From the article: “Homeless people with pets, the study argues, are drastically less likely to get depressed or engage in risky behaviors than those without animal friends.”

The Religious Typology:

Like slicing a loaf of bread along its length rather than vertically, a new study by the Pew Forum uses a different typology to categorize religious Americans. Although the study cuts across religious groups that include Muslims, Jews, and Seventh-Day Adventists, the naming of one category as “Sunday Stalwarts” will be off-putting to some readers, but researchers said the name was used after nine of ten respondents identified themselves as Christians.

From the article: “Pew Research Center’s religious typology sorts American adults into seven cohesive, like-minded groups based on the religious and spiritual beliefs they share, how actively they practice their faith, the value they place on their religion, and the other sources of meaning and fulfillment in their lives.”

La Vie on the Wharf is so Bad I’m Only Writing About It as a Warning

Is there anything juicier than a snarky restaurant review? (It’s not like Jesus couldn’t be a little pointed. Read Matthew 23.) The restaurant’s owner gave a grateful response to the Washingtonian.

From the article: “Sorry final impressions. A restaurant should make the dessert course worth lingering over. Coconut sorbet should not smack of frozen candle wax.
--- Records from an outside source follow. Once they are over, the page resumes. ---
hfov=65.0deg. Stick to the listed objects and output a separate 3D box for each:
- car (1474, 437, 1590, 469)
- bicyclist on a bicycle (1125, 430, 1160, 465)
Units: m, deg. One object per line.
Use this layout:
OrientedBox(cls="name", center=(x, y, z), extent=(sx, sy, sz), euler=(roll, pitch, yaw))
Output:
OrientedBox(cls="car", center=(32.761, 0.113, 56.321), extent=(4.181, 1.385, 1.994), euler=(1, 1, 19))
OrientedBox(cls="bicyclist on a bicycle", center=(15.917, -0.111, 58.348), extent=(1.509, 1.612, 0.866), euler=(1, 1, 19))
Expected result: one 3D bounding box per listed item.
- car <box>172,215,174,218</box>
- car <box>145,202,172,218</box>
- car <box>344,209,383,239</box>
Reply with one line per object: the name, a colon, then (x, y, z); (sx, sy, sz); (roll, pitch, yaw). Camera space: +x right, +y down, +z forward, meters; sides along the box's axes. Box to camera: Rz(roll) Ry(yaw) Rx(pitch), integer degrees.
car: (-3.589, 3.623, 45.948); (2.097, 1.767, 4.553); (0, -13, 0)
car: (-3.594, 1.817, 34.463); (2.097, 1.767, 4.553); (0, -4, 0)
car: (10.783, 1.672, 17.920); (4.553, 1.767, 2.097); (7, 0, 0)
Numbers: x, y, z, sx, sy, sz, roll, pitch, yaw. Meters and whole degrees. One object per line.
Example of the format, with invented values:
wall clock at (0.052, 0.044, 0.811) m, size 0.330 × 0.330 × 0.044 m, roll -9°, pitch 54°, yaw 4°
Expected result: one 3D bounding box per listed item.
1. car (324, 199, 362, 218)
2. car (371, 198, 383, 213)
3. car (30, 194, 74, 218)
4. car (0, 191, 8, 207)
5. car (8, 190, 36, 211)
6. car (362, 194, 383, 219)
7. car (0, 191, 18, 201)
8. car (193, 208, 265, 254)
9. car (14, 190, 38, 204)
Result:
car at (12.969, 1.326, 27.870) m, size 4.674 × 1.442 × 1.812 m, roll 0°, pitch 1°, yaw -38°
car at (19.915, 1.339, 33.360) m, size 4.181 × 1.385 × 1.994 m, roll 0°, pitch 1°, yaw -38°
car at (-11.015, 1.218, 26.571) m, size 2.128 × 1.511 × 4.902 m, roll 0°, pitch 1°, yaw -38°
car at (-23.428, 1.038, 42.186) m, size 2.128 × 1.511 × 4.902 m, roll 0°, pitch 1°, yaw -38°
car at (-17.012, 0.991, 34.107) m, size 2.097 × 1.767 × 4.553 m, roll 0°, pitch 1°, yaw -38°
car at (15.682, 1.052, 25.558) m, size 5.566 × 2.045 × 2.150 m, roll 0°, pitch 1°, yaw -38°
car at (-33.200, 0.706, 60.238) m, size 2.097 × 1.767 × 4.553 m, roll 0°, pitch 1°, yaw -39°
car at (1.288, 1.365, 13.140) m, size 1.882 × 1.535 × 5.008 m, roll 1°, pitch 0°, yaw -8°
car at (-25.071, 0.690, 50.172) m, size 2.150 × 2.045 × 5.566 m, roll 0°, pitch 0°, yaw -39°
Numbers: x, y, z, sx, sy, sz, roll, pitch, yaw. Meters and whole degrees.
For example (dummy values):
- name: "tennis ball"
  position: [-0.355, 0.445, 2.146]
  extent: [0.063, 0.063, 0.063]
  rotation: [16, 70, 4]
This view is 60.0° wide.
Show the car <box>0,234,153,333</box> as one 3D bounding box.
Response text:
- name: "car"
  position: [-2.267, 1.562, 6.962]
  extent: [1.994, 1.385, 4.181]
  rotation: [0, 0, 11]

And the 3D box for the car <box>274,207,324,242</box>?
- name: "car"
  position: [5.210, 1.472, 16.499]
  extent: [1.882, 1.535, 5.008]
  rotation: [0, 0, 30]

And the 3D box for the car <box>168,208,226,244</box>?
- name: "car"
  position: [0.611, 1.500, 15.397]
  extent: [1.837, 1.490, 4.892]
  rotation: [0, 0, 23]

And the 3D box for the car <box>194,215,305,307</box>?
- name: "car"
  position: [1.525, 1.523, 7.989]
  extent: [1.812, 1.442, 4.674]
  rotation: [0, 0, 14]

Crepes should not remind you of leather. Once the province of fine dining, molten chocolate cake is now so commonplace, the confection appears on the menu at fast-casual Denny’s — which (for real!) makes a superior version.”

The Red Delicious is an Apple Atrocity

Speaking of awful food that is less juicy than the review, the Red Delicious has been maligned for years, but it had been the most widely grown apple for decades – until this year. The Gala has forced it into second, with Granny Smith third, and Fuji fourth. Honey Crisp is coming up on the outside in fifth – these do sound like horse names – and is expected to reach the top three in two years. Is it possible we are becoming more interested in quality as opposed to how something might shine?
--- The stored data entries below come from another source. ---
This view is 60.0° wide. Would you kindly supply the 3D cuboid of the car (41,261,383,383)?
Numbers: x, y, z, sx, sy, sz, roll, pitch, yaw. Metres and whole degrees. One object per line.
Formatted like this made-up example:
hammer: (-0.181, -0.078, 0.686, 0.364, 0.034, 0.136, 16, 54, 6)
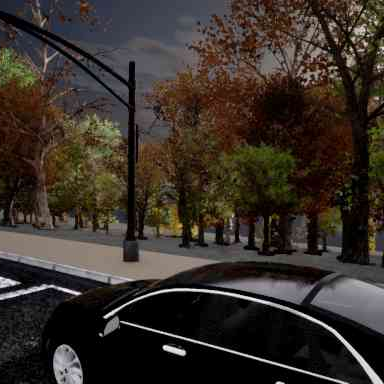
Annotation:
car: (0.398, 1.505, 3.391, 4.892, 1.490, 1.837, 0, 0, 36)
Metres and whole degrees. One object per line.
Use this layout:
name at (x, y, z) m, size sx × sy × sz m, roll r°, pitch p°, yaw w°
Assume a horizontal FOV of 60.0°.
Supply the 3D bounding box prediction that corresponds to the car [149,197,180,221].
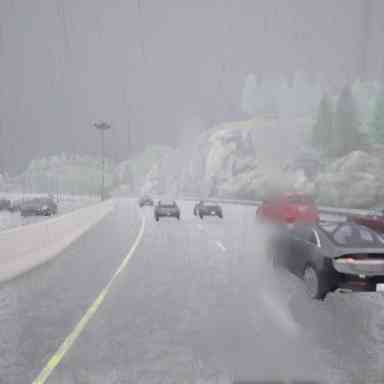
car at (-2.047, 1.396, 26.400) m, size 2.128 × 1.511 × 4.902 m, roll 0°, pitch 0°, yaw -8°

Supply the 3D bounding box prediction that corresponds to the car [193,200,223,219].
car at (1.287, 1.417, 27.803) m, size 1.812 × 1.442 × 4.674 m, roll 0°, pitch 0°, yaw -9°

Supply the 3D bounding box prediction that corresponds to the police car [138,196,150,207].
police car at (-6.715, 1.335, 48.371) m, size 2.038 × 1.542 × 4.974 m, roll 0°, pitch 0°, yaw -15°

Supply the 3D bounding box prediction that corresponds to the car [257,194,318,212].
car at (5.797, 1.129, 20.720) m, size 2.150 × 2.045 × 5.566 m, roll 0°, pitch 0°, yaw -6°

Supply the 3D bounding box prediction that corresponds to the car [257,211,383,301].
car at (3.282, 1.452, 8.262) m, size 2.128 × 1.511 × 4.902 m, roll 0°, pitch 0°, yaw -2°

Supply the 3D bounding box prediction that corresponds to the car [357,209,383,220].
car at (9.722, 1.515, 16.611) m, size 1.895 × 1.301 × 4.718 m, roll 0°, pitch 0°, yaw -5°

From the article: “Almost everyone agrees: The Red Delicious is a crime against the apple. The fruit makes for a joyless snack, despite the false promise of its name, with a bitter skin that gives way to crumbling, mealy flesh. The Red Delicious is a bit like a Styrofoam prop: It looks picturesque, but really has no business in the mouth. Maybe that’s why the New York Apple Association suggests people use their Red Delicious in holiday wreaths and centerpieces. They sure look nice, but they taste like inanimate objects.”

How Religion Shapes the Way People Approach Medicine

More than 30 states have given exemptions from child abuse and neglect laws for parents who withhold medical care for children due to religious beliefs. Now, some medical schools are finding ways to teach students about religion and the role it plays in interactions between parents and physicians.

From the article: “If you put eternal damnation against taking a flu shot, probably the flu shot’s going to lose.”